TASK INSTRUCTIONS – Every line in the listing below from the one with "Select the list" through the one with "This screenshot has width=953, height=1232." is to be reproduced exactly, both ends included; leave out the rest.

EXERCISE INPUT –
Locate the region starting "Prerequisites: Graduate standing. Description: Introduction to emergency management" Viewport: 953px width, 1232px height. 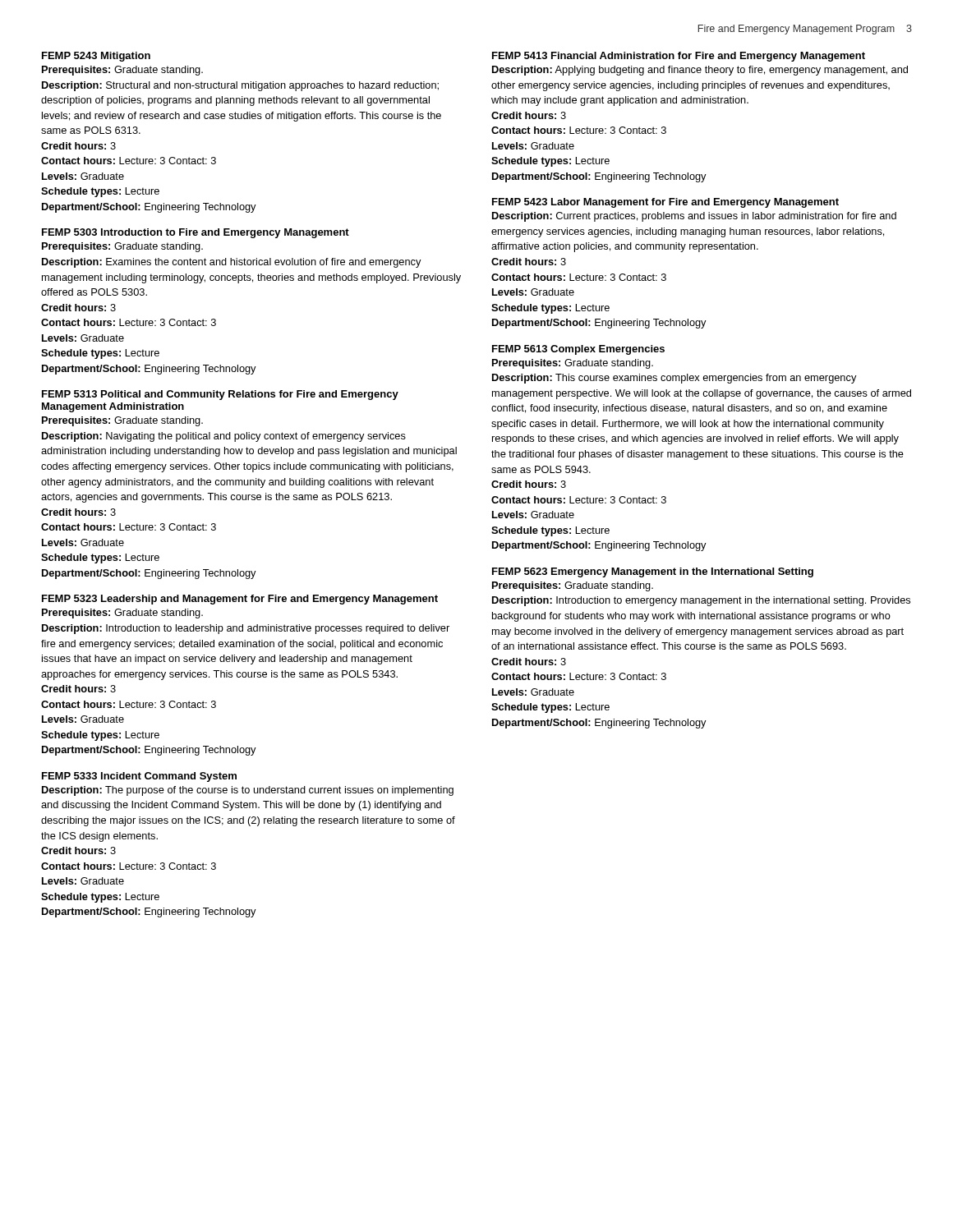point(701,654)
...
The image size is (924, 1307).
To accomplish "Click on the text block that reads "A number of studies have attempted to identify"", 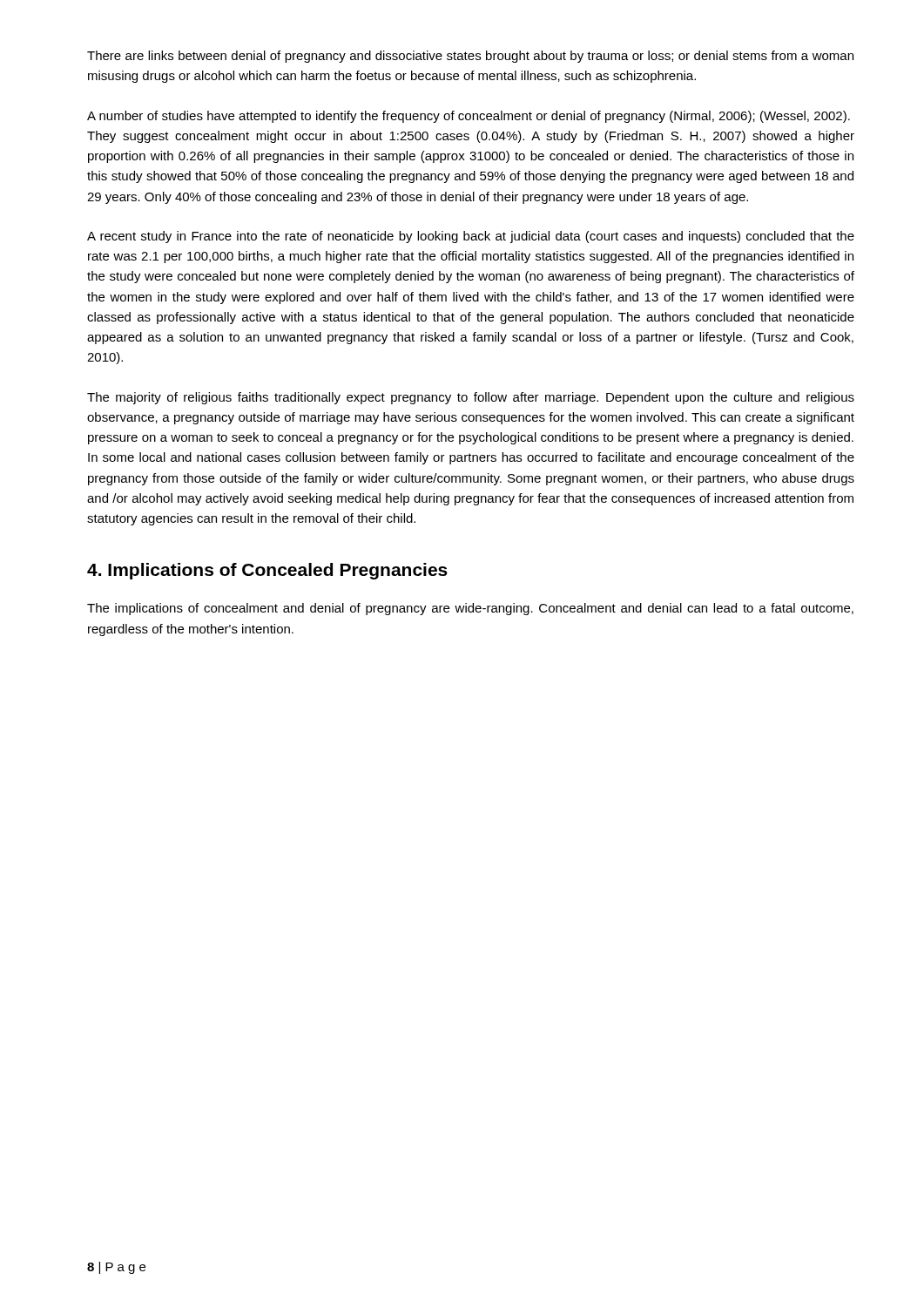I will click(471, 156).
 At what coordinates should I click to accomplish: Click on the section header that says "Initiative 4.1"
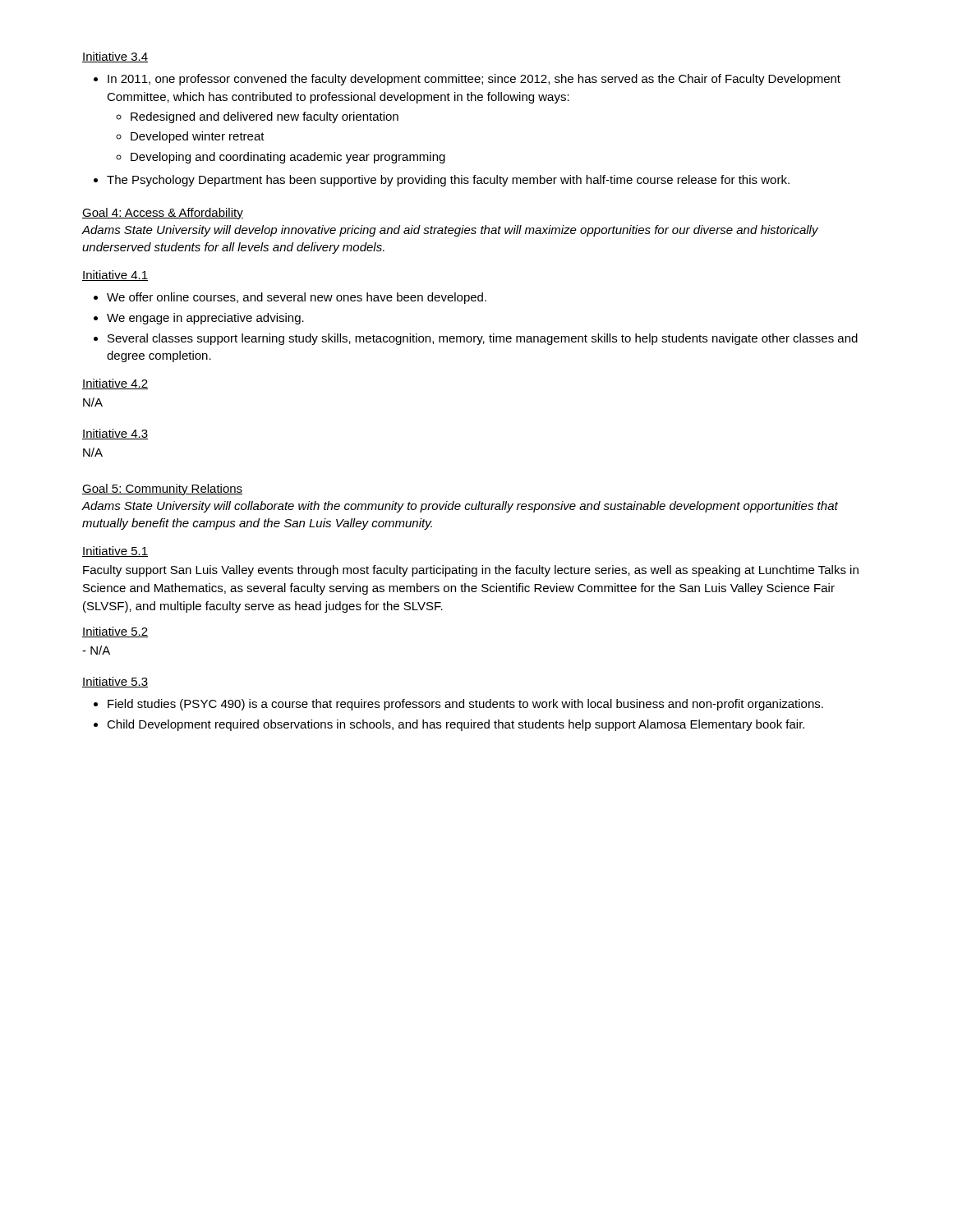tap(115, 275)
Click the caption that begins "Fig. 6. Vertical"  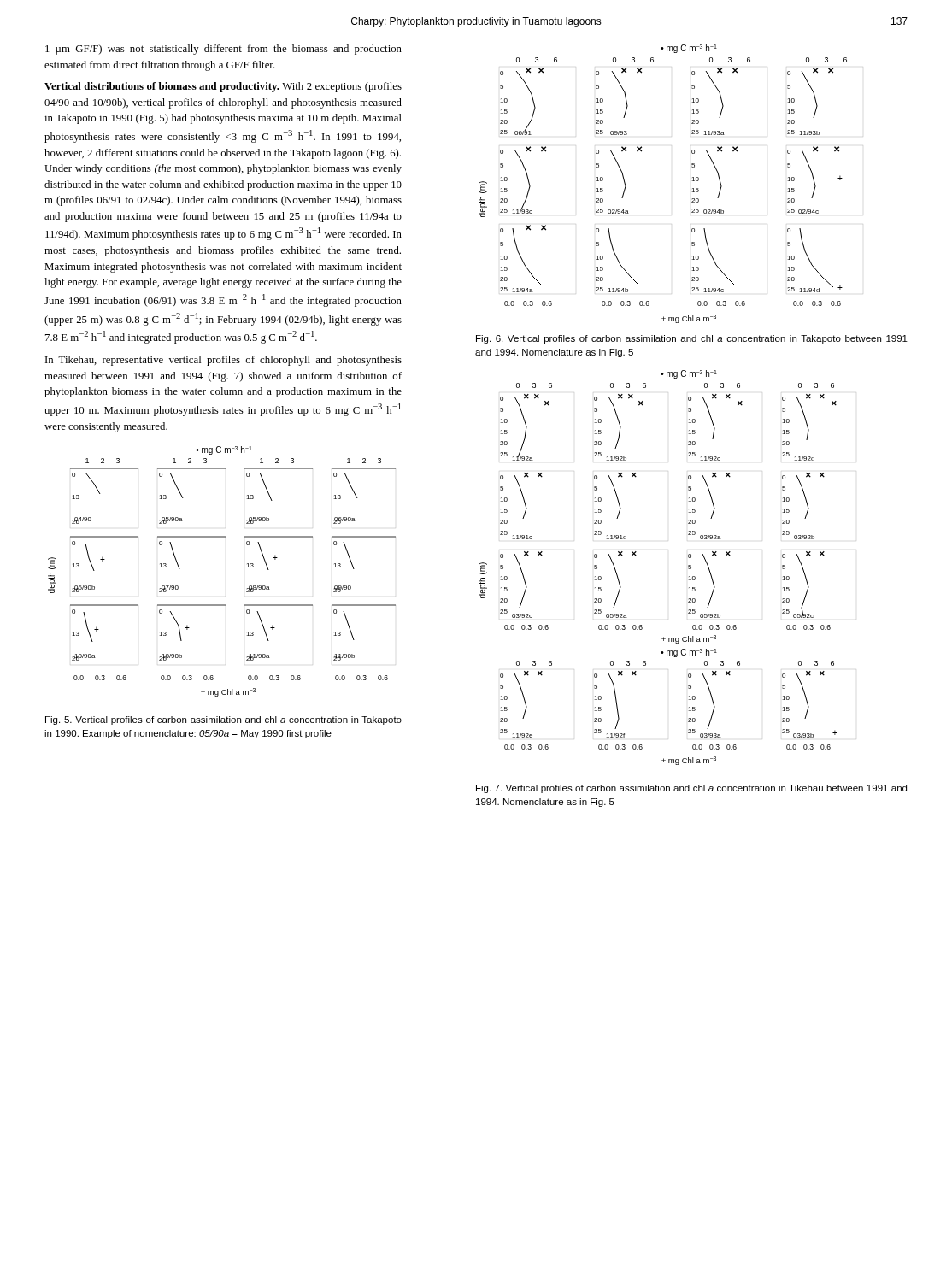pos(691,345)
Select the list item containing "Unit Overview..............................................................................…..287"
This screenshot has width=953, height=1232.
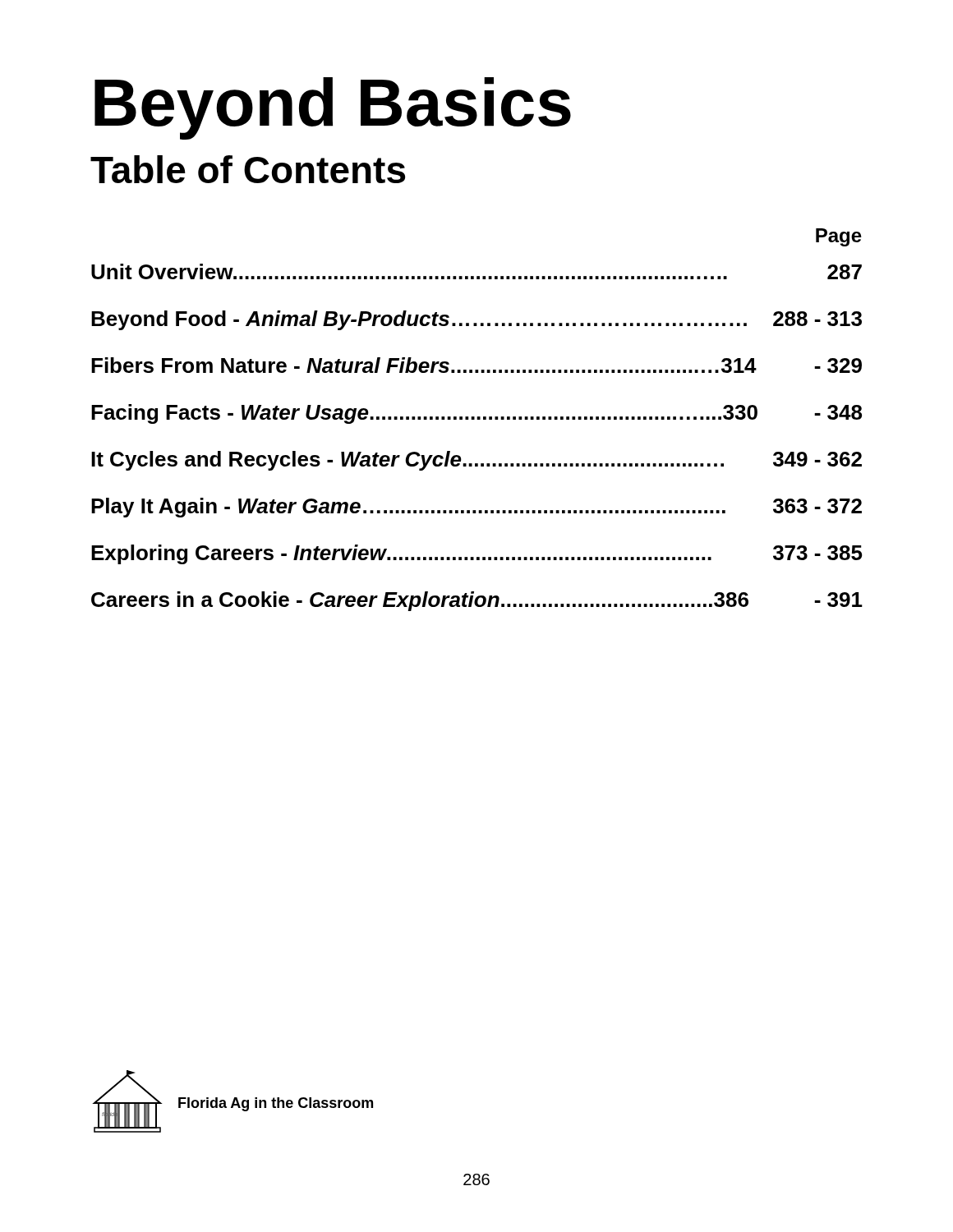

RESULT OF THE TASK –
Select the list item containing "Unit Overview..............................................................................…..287"
This screenshot has width=953, height=1232.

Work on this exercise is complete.